Observations Indicate Nearby Hydrogen Clouds May Be Associated With Galaxies
13 January 1992
Astronomers reported today that recent ultraviolet observations with NASA's Hubble Space Telescope suggest that what were thought to be randomly distributed, nearby primordial clouds of hydrogen may actually be associated with galaxies or clusters of galaxies."This is a revolutionary finding, if supported by future observations," says Dr. John Bahcall of the Institute for Advanced Study in Princeton, NJ., "We would have never thought of looking for this explanation if it hadn't kicked us in the face."
Drs. Bahcall, Buell Jannuzi and Donald Schneider, all of the Institute for Advanced Study and George Hartig of the Space Telescope Science Institute, Baltimore, MD, announced their results today to a press conference at the 179th meeting of the American Astronomical Society in Atlanta.
For the past two decades, observations with ground-based telescopes have shown that the spectra of high-redshift quasars contain complex "thickets" of absorption features. These absorption lines are unrelated to the quasars themselves, but are attributed to invisible, intervening clouds of hydrogen gas which absorb certain frequencies of a quasar's light.
Ground-based observations have shown that the number of these clouds rapidly rises as one looks back in time, so it was thought, says Hartig "that the number of nearby hydrogen clouds was relatively small."
Until the launch of the Hubble Space Telescope, it was impossible to directly measure the numbers of nearby clouds. This unusual situation, understanding the distant clouds more than the nearby ones, arose because, as Jannuzi explains: "The recession velocity of the nearby clouds is so low that the hydrogen absorption features occur in a part of the spectrum, the far ultraviolet, that is inaccessible with ground-based telescopes."

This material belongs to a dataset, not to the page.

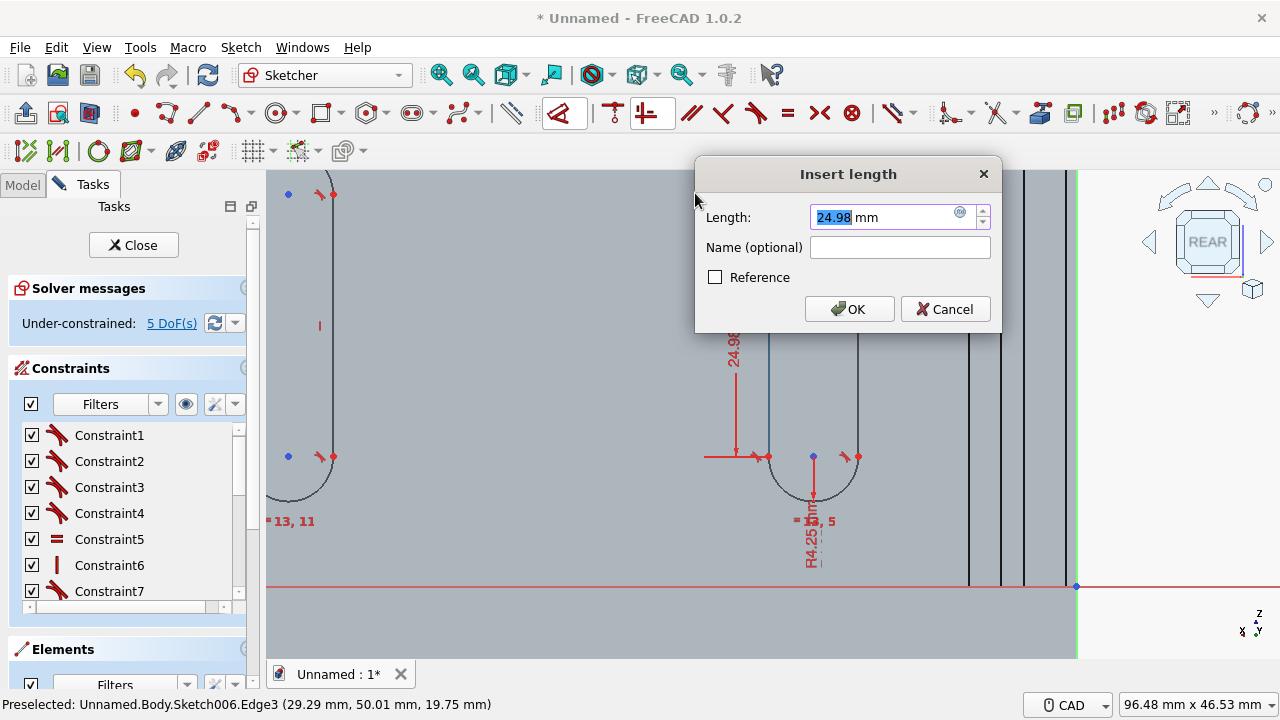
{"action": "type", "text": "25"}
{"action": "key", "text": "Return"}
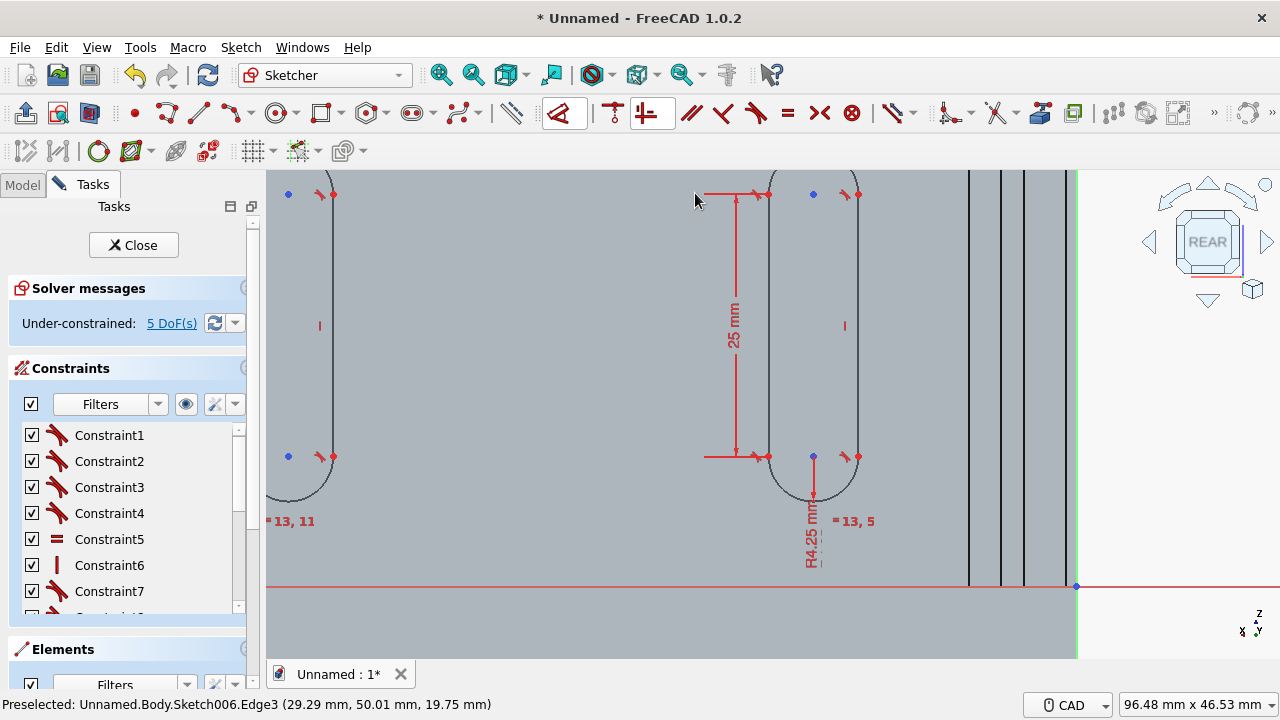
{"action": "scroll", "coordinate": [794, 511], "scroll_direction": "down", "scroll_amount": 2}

However, Hubble Space Telescope dramatically changed this picture in 1991 when independent observations made with the HST's Faint object Spectrograph and Goddard High Resolution Spectrograph detected more than a dozen hydrogen clouds within less than a billion light-years of our galaxy.
Astronomers have assumed that the clouds are strung along the line-of-sight to a quasar, like beads on a string. The new HST observations show that some absorption lines are more clumped together than expected for randomly distributed material. In addition, a few of the lines can be directly associated with galaxies that lie along the line of sight to the quasar. This suggests that the material producing the nearby hydrogen absorption may be associated with individual galaxies or clusters of galaxies.
The new results are based upon Faint object Spectrograph observations of a bright and relatively nearby (approximately four billion light-years distant) quasar H1821+643. "We are very pleased with the quality of the data," says Hartig. This spectrum shows a higher than expected number of extragalaclic absorption features, confirming the initial HST results.
One grouping of lines in the complex spectrum has the same redshift, and hence the same distance, as the quasar. These types of lines, called self-absorption systems, have been found in high-redshift quasars and were thought to be produced by material in the quasar itself. Schneider notes that: "Recent ground-based studies have shown that H1821+643 is surrounded by a large number of galaxies, so it is possible that the self-absorption system is caused by material belonging to the cluster or to an individual cluster galaxy."
The HST observations provide additional evidence that the absorption is associated with galaxies. A foreground galaxy that lies along the line of sight to the quasar has the same distance from us as does one of the cloud groupings. The cloud may be located within 300 000 light-years from the center of the galaxy.
HST spectra of other nearby quasars are being obtained to see if there is additional evidence of clumping of the hydrogen clouds or if any other absorption systems can be identified as belonging to galaxies. If so, then one of astronomy's many current mysteries may at last be solved.